- Cover art featuring the protagonist and their kei truck
- Developer: Sam C.
- Publisher: Oro Interactive
- Writers: Sam C.; Josh C.;
- Composers: pr0te; sohaoying;
- Engine: Unity
- Platforms: Windows; iOS; Android; macOS;
- Release: Windows; 18 September 2025; macOS; 24 March 2026; Mobile/Switch/Xbox Series/Playstation 5; 26 March 2026;
- Genres: Job simulation Vehicle simulation
- Mode: Single-player

= Easy Delivery Co. =

2025 video game

Easy Delivery Co. is a job simulation video game by indie developer Sam C. and published by Oro Interactive. The game takes place in a set of mountainous, snow-filled towns where the player, an anthropomorphic cat, delivers packages between shops and houses with their kei truck. As the story progresses, the player unravels a mystery that affects the personalities of the various shopkeepers in the game.
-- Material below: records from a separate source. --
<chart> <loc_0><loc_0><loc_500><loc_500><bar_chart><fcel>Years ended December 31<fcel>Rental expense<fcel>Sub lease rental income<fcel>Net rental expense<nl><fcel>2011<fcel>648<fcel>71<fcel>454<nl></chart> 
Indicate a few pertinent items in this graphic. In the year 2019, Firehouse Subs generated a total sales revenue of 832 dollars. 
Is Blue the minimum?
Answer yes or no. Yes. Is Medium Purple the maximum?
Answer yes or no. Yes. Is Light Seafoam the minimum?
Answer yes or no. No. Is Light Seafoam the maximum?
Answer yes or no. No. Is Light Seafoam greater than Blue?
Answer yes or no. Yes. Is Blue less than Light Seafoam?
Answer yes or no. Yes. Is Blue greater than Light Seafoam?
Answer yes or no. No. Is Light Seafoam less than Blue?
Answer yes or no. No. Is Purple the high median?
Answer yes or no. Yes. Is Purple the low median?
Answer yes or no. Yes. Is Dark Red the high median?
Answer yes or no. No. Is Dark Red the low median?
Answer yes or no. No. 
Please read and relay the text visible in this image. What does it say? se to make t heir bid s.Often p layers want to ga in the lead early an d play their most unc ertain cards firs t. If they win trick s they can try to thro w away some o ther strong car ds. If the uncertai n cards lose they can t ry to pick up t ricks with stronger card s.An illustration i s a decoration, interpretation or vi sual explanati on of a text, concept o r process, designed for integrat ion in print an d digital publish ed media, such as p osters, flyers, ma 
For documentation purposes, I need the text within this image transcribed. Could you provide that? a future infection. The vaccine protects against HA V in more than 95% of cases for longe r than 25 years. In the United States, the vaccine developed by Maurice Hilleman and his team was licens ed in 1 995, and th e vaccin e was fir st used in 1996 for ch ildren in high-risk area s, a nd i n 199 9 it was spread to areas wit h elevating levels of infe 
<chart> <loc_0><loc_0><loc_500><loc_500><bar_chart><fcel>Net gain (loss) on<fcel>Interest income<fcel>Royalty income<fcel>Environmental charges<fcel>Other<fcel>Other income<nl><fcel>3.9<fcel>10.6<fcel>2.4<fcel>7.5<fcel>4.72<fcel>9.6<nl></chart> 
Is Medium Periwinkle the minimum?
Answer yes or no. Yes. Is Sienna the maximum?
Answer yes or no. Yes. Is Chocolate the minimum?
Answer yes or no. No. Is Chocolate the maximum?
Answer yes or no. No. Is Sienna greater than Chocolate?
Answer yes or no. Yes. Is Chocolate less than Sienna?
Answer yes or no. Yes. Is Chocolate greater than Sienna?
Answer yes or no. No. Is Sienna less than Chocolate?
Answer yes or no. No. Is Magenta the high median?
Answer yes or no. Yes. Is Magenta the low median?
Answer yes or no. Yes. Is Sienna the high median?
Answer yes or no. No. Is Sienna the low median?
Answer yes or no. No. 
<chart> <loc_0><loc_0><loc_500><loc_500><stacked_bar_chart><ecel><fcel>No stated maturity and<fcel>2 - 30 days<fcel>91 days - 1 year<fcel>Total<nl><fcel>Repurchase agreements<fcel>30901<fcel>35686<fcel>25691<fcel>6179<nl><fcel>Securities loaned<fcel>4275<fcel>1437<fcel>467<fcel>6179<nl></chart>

Following his final year at a game development course, Sam Cameron began developing a split-screen racing game, which would eventually change into a delivery game. The game's graphics emulate the style of a PlayStation 1 game, using lower fidelity graphics and pixelization. A demo for the game was released in April 2025, only including one of the three areas accessible in the full game. Easy Delivery Co. was released on 18 September 2025 on Windows, and has been given generally favorable reviews.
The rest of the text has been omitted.